First edition of a work on Kufic coins, written by the Swedish orientalist and numismatic Carl Johan Tornberg (1807-1877). The work catalogues all the early Arabic coins found on Swedish soil, now residing in the Kungliga Svenska Myntkabinettet (Swedish Royal Coin Collection), Stockholm. The descriptions note where and under whose rule the coins were minted. Tornberg also gives a transcription of the coin’s text in Arabic and a short note on its appearance and rarity. Among the earliest coins are those from the Ummayad caliphate around the year 63 (684-685), followed by coins from the Abbasids, the Ummayads in Spain, up to the Hamdanids and Marwanids. Tornberg studied Arabic and Persian, and became professor of Oriental languages at the University of Lund, Sweden. The present work is the second catalogue of the Myntkabinettet: the first treated the collection’s Anglo-Saxon coins, described by B.E. Hildebrand and published in 1848.
Tomberg was a Swedish Orientalist, numismatist and university teacher.
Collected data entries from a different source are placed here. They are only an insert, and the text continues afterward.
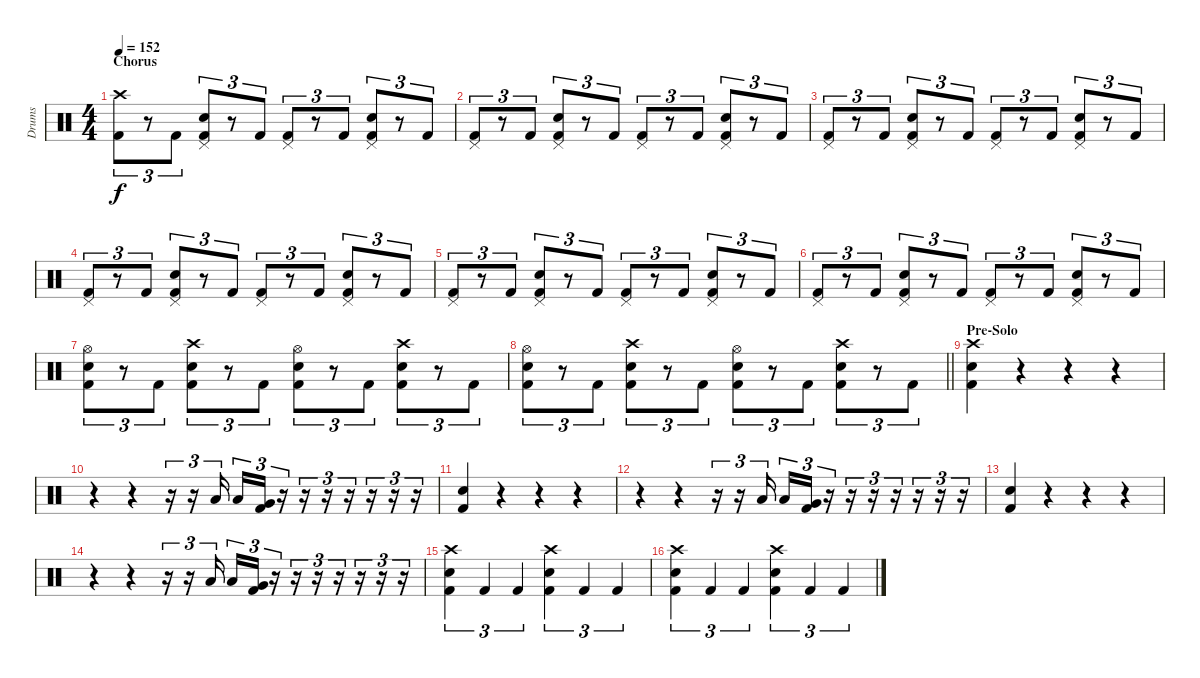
\track ("Drums" "Drums") {instrument percussion}
\staff {score}
\articulation defaults
\ts (4 4)
\section ("" "Chorus")
\tempo 152
\clef neutral
\ks c
("Crash high (hit)" "Kick (hit) 2").8{tu (3 2) dy f} r.8{tu (3 2)} "Kick (hit) 2".8{tu (3 2)} ("Pedal Hi-Hat (hit)" "Snare (hit) 2" "Kick (hit) 2").8{tu (3 2)} r.8{tu (3 2)} "Kick (hit) 2".8{tu (3 2)} ("Pedal Hi-Hat (hit)" "Kick (hit) 2").8{tu (3 2)} r.8{tu (3 2)} "Kick (hit) 2".8{tu (3 2)} ("Pedal Hi-Hat (hit)" "Snare (hit) 2" "Kick (hit) 2").8{tu (3 2)} r.8{tu (3 2)} "Kick (hit) 2".8{tu (3 2)} |
("Pedal Hi-Hat (hit)" "Kick (hit) 2").8{tu (3 2)} r.8{tu (3 2)} "Kick (hit) 2".8{tu (3 2)} ("Pedal Hi-Hat (hit)" "Snare (hit) 2" "Kick (hit) 2").8{tu (3 2)} r.8{tu (3 2)} "Kick (hit) 2".8{tu (3 2)} ("Pedal Hi-Hat (hit)" "Kick (hit) 2").8{tu (3 2)} r.8{tu (3 2)} "Kick (hit) 2".8{tu (3 2)} ("Pedal Hi-Hat (hit)" "Snare (hit) 2" "Kick (hit) 2").8{tu (3 2)} r.8{tu (3 2)} "Kick (hit) 2".8{tu (3 2)} |
("Pedal Hi-Hat (hit)" "Kick (hit) 2").8{tu (3 2)} r.8{tu (3 2)} "Kick (hit) 2".8{tu (3 2)} ("Pedal Hi-Hat (hit)" "Snare (hit) 2" "Kick (hit) 2").8{tu (3 2)} r.8{tu (3 2)} "Kick (hit) 2".8{tu (3 2)} ("Pedal Hi-Hat (hit)" "Kick (hit) 2").8{tu (3 2)} r.8{tu (3 2)} "Kick (hit) 2".8{tu (3 2)} ("Pedal Hi-Hat (hit)" "Snare (hit) 2" "Kick (hit) 2").8{tu (3 2)} r.8{tu (3 2)} "Kick (hit) 2".8{tu (3 2)} |
("Pedal Hi-Hat (hit)" "Kick (hit) 2").8{tu (3 2)} r.8{tu (3 2)} "Kick (hit) 2".8{tu (3 2)} ("Pedal Hi-Hat (hit)" "Snare (hit) 2" "Kick (hit) 2").8{tu (3 2)} r.8{tu (3 2)} "Kick (hit) 2".8{tu (3 2)} ("Pedal Hi-Hat (hit)" "Kick (hit) 2").8{tu (3 2)} r.8{tu (3 2)} "Kick (hit) 2".8{tu (3 2)} ("Pedal Hi-Hat (hit)" "Snare (hit) 2" "Kick (hit) 2").8{tu (3 2)} r.8{tu (3 2)} "Kick (hit) 2".8{tu (3 2)} |
("Pedal Hi-Hat (hit)" "Kick (hit) 2").8{tu (3 2)} r.8{tu (3 2)} "Kick (hit) 2".8{tu (3 2)} ("Pedal Hi-Hat (hit)" "Snare (hit) 2" "Kick (hit) 2").8{tu (3 2)} r.8{tu (3 2)} "Kick (hit) 2".8{tu (3 2)} ("Pedal Hi-Hat (hit)" "Kick (hit) 2").8{tu (3 2)} r.8{tu (3 2)} "Kick (hit) 2".8{tu (3 2)} ("Pedal Hi-Hat (hit)" "Snare (hit) 2" "Kick (hit) 2").8{tu (3 2)} r.8{tu (3 2)} "Kick (hit) 2".8{tu (3 2)} |
("Pedal Hi-Hat (hit)" "Kick (hit) 2").8{tu (3 2)} r.8{tu (3 2)} "Kick (hit) 2".8{tu (3 2)} ("Pedal Hi-Hat (hit)" "Snare (hit) 2" "Kick (hit) 2").8{tu (3 2)} r.8{tu (3 2)} "Kick (hit) 2".8{tu (3 2)} ("Pedal Hi-Hat (hit)" "Kick (hit) 2").8{tu (3 2)} r.8{tu (3 2)} "Kick (hit) 2".8{tu (3 2)} ("Pedal Hi-Hat (hit)" "Snare (hit) 2" "Kick (hit) 2").8{tu (3 2)} r.8{tu (3 2)} "Kick (hit) 2".8{tu (3 2)} |
("Hi-Hat (open)" "Snare (hit) 2" "Kick (hit) 2").8{tu (3 2)} r.8{tu (3 2)} "Kick (hit) 2".8{tu (3 2)} ("Crash high (hit)" "Snare (hit) 2" "Kick (hit) 2").8{tu (3 2)} r.8{tu (3 2)} "Kick (hit) 2".8{tu (3 2)} ("Hi-Hat (open)" "Snare (hit) 2" "Kick (hit) 2").8{tu (3 2)} r.8{tu (3 2)} "Kick (hit) 2".8{tu (3 2)} ("Crash high (hit)" "Snare (hit) 2" "Kick (hit) 2").8{tu (3 2)} r.8{tu (3 2)} "Kick (hit) 2".8{tu (3 2)} |
\barLineRight lightlight
("Hi-Hat (open)" "Snare (hit) 2" "Kick (hit) 2").8{tu (3 2)} r.8{tu (3 2)} "Kick (hit) 2".8{tu (3 2)} ("Crash high (hit)" "Snare (hit) 2" "Kick (hit) 2").8{tu (3 2)} r.8{tu (3 2)} "Kick (hit) 2".8{tu (3 2)} ("Hi-Hat (open)" "Snare (hit) 2" "Kick (hit) 2").8{tu (3 2)} r.8{tu (3 2)} "Kick (hit) 2".8{tu (3 2)} ("Crash high (hit)" "Snare (hit) 2" "Kick (hit) 2").8{tu (3 2)} r.8{tu (3 2)} "Kick (hit) 2".8{tu (3 2)} |
\section ("" "Pre-Solo")
("Crash high (hit)" "Snare (hit) 2" "Kick (hit) 2").4 r.4 r.4 r.4 |
r.4 r.4 r.16{tu (3 2)} r.16{tu (3 2)} "Low Tom (hit)".16{tu (3 2) beam splitsecondary} "Low Tom (hit)".16{tu (3 2)} ("Very Low Tom (hit)" "Kick (hit) 2").16{tu (3 2)} r.16{tu (3 2)} r.16{tu (3 2)} r.16{tu (3 2)} r.16{tu (3 2)} r.16{tu (3 2)} r.16{tu (3 2)} r.16{tu (3 2)} |
("Snare (hit) 2" "Kick (hit) 2").4 r.4 r.4 r.4 |
r.4 r.4 r.16{tu (3 2)} r.16{tu (3 2)} "Low Tom (hit)".16{tu (3 2) beam splitsecondary} "Low Tom (hit)".16{tu (3 2)} ("Very Low Tom (hit)" "Kick (hit) 2").16{tu (3 2)} r.16{tu (3 2)} r.16{tu (3 2)} r.16{tu (3 2)} r.16{tu (3 2)} r.16{tu (3 2)} r.16{tu (3 2)} r.16{tu (3 2)} |
("Snare (hit) 2" "Kick (hit) 2").4 r.4 r.4 r.4 |
r.4 r.4 r.16{tu (3 2)} r.16{tu (3 2)} "Low Tom (hit)".16{tu (3 2) beam splitsecondary} "Low Tom (hit)".16{tu (3 2)} ("Very Low Tom (hit)" "Kick (hit) 2").16{tu (3 2)} r.16{tu (3 2)} r.16{tu (3 2)} r.16{tu (3 2)} r.16{tu (3 2)} r.16{tu (3 2)} r.16{tu (3 2)} r.16{tu (3 2)} |
("Crash high (hit)" "Snare (hit) 2" "Kick (hit) 2").4{tu (3 2)} "Kick (hit) 2".4{tu (3 2)} "Kick (hit) 2".4{tu (3 2)} ("Crash high (hit)" "Snare (hit) 2" "Kick (hit) 2").4{tu (3 2)} "Kick (hit) 2".4{tu (3 2)} "Kick (hit) 2".4{tu (3 2)} |
("Crash high (hit)" "Snare (hit) 2" "Kick (hit) 2").4{tu (3 2)} "Kick (hit) 2".4{tu (3 2)} "Kick (hit) 2".4{tu (3 2)} ("Crash high (hit)" "Snare (hit) 2" "Kick (hit) 2").4{tu (3 2)} "Kick (hit) 2".4{tu (3 2)} "Kick (hit) 2".4{tu (3 2)}

For his scientific work, he made foreign trips to different countries in 1856, 1863 and 1865 and studied the rich oriental handwriting treasures in Paris, London and Berlin. The significant collections of such manuscripts that exist in Upsala and Lund in Sweden were first scientifically arranged and described by Tornberg. In addition he published this work on Islamic silver coins found in Sweden; these are old Arabic coins with inscriptions in kufic (developed in the city of Kufa in Iraq). Gold coins (dinars), silver coins (dirhams) and copper coins (fels) have usually no image, only writing on them. In the early Middle Ages, these were an important means of payment – also in Europe, and many discoveries have been made in the Nordic region. This is an overview of Swedish findings. Coin discoveries are an important source of understanding the trade history of the 800-900s.
Bibliographic references: Lipsius-L. I, 141; “Cufic coins in the Stockholm mint collection.” Mayer 1806.